Surface-Induced Changes in the Thermochromic Transformation of an Ionic Liquid Cobalt Thiocyanate Complex.

We demonstrate that a thermodynamic complex equilibrium within an ionic liquid film can be significantly influenced by the presence of the liquid-vacuum interface. Using surface-sensitive X-ray photoelectron spectroscopy, we find that the temperature-driven transition from the blue-colored tetrahedral [Co(II) (NCS)4]2- to the red-colored octahedral [Co(II) (NCS)6]4- complex already occurs within the outermost nanometers at around +4 °C as compared with -25 °C in the bulk. This thermochromic transformation in the near-surface region goes along with a loss in preferential surface orientation of free [SCN]- anions and with a pronounced decrease in the complex density; both effects are attributed to the formation of a weakly bound solvation shell around the [Co(II) (NCS)6]4- anion, leading to an effective complex dilution. Our results are not only relevant for high-surface area thin film systems, such as in sensor and catalysis applications, but also shed light on the role of ionic liquid surfaces in particular and liquid surfaces in general.

When applying thin liquid films, for example, in sensor, chromatography, lubrication, and coating technologies, the interface of the liquid film to its environment becomes increasingly relevant when the films are becoming thinner and thinner. For such systems, it is important to know whether and to what extent the film properties close to the interface are different from those in the bulk.

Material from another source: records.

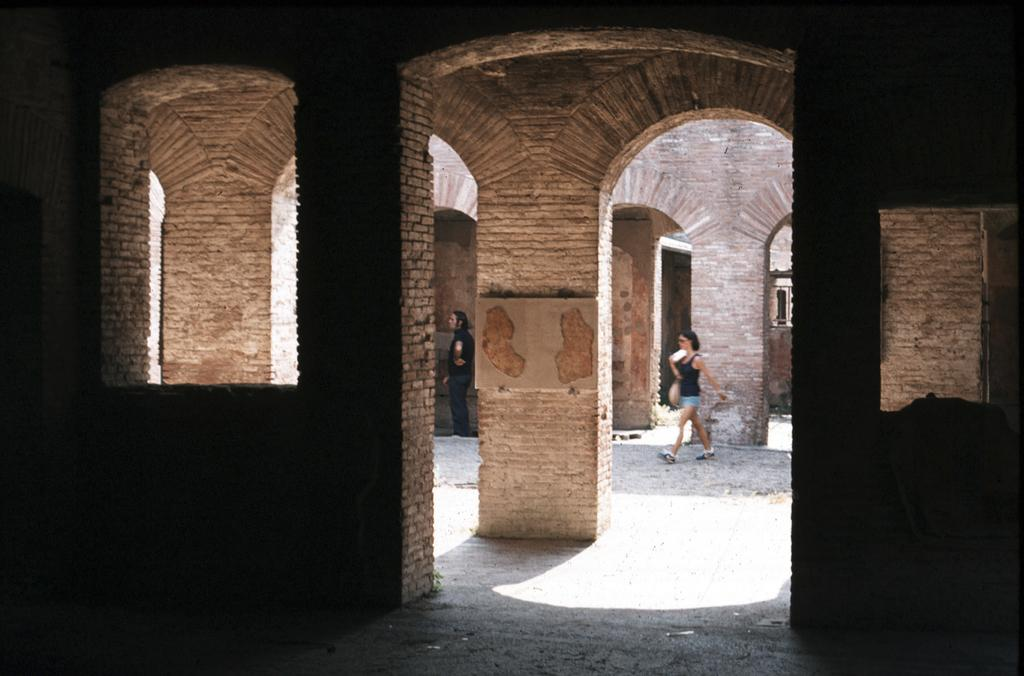What architectural features are present in the foreground of the image? There are arches and pillars in the foreground of the image. Can you describe the people in the background of the image? Unfortunately, the facts provided do not give any information about the people in the background. What is the primary focus of the image? The primary focus of the image is the arches and pillars in the foreground. How many tents are visible in the image? There are no tents present in the image. What is the size of the arches in the image? The facts provided do not give any information about the size of the arches. 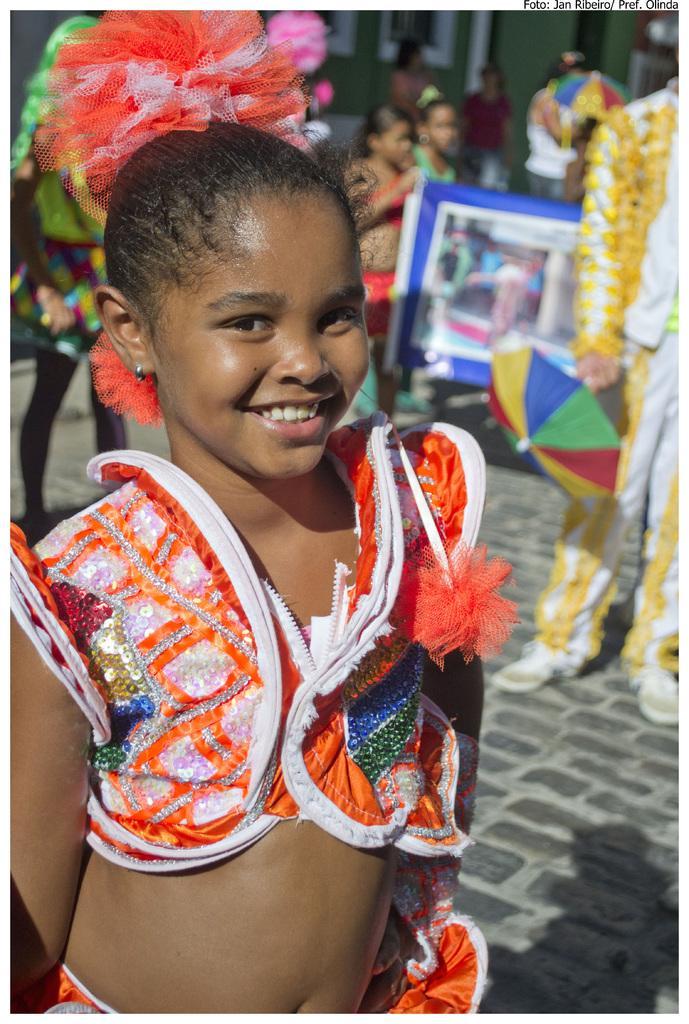How would you summarize this image in a sentence or two? In this image we can see a girl. She is wearing orange color dress. Background of the image people are present. 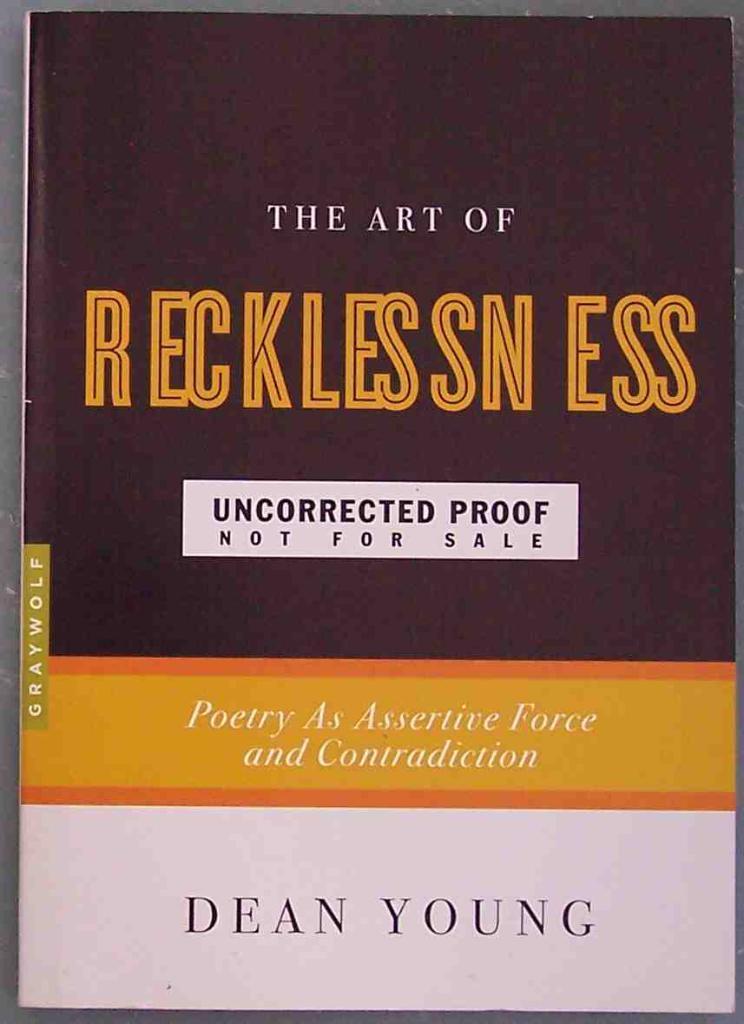What is the title of this book by dean young?
Your answer should be very brief. The art of recklessness. Was this published by graywolf?
Keep it short and to the point. Yes. 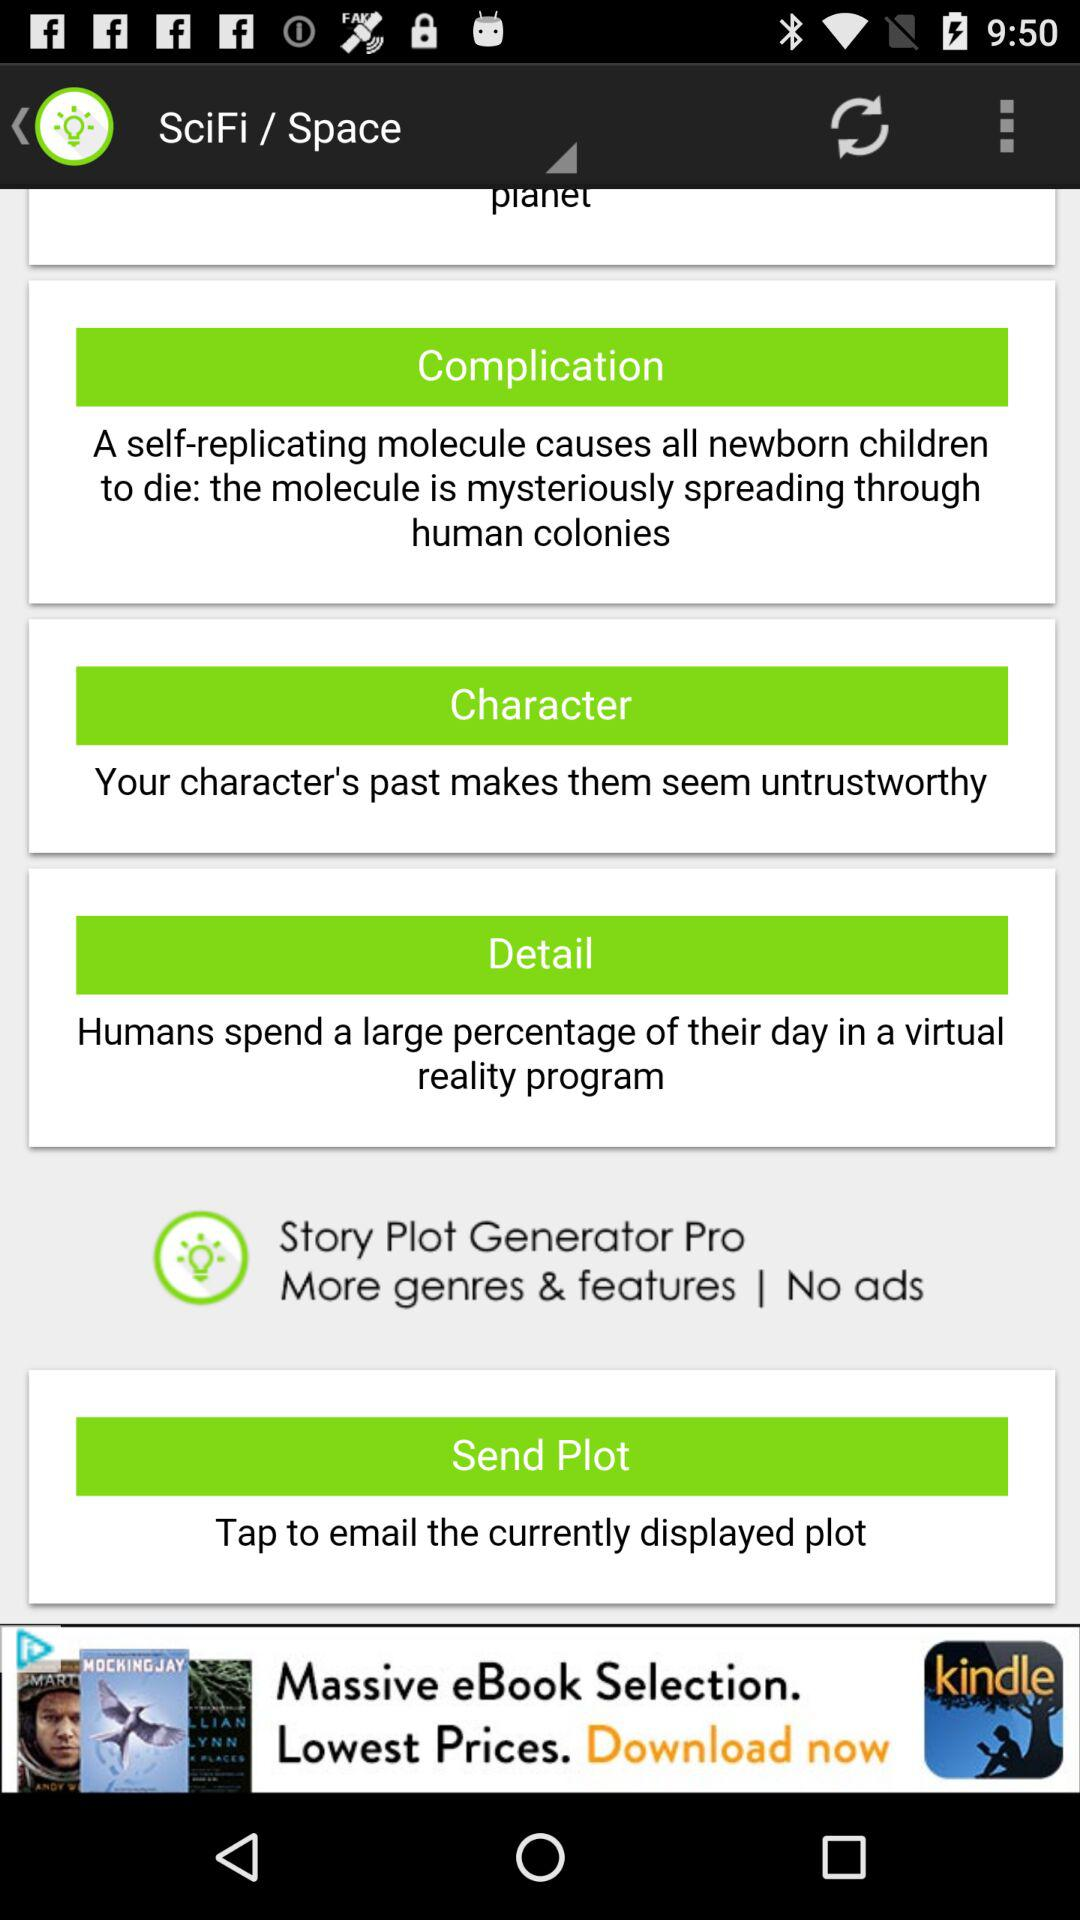What is the name of the application? The name of the application is "SciFi / Space".

One prominent example of thin liquid film applications is the new and very successful concept of “Supported Ionic Liquid Phase” (SILP) catalysis.[1] In SILP, a high-surface area solid substrate is covered with a thin ionic liquid (IL) film, which typically contains a dissolved transition metal (TM) complex[2−5] as catalytically active species, with the IL acting as a nonvolatile solvent for both the reactants and the complex. In addition to their solvent character, ILs also have the potential for providing ionic ligands for the desired complex with concentrations far above those achieved in traditional molecular solvents reducing potential ligand exchange by other solvent molecules. To optimize such high-surface area systems employing dissolved TM complexes, a full understanding of the near-surface region and possible differences of the dissolved complex to its bulk behavior is highly desired, which requires surface-sensitive analytics.

Because of their extremely low vapor pressure, the near-surface region of ILs can, in contrast with most of the commonly used solvents, be studied using the powerful techniques of ultrahigh vacuum (UHV)-based surface science such as X-ray photoelectron spectroscopy (XPS). While XPS studies on solid surfaces are restricted to the static properties of transition metal complexes,[6−8] investigations in the liquid state also allow for studying dynamical phenomena,[9−14] that is, time- or temperature-dependent processes. Because of its inherent surface sensitivity, XPS provides information on changes of chemical states within the topmost 1–10 nm. This near-surface region can indeed behave quite differently from the bulk, as was recently demonstrated in an XPS study for CO2 capture using amine-functionalized ILs: The specific CO2–amine chemistry found in the topmost IL layers leads to a much higher uptake capacity in the near-surface region compared with the bulk one.[15]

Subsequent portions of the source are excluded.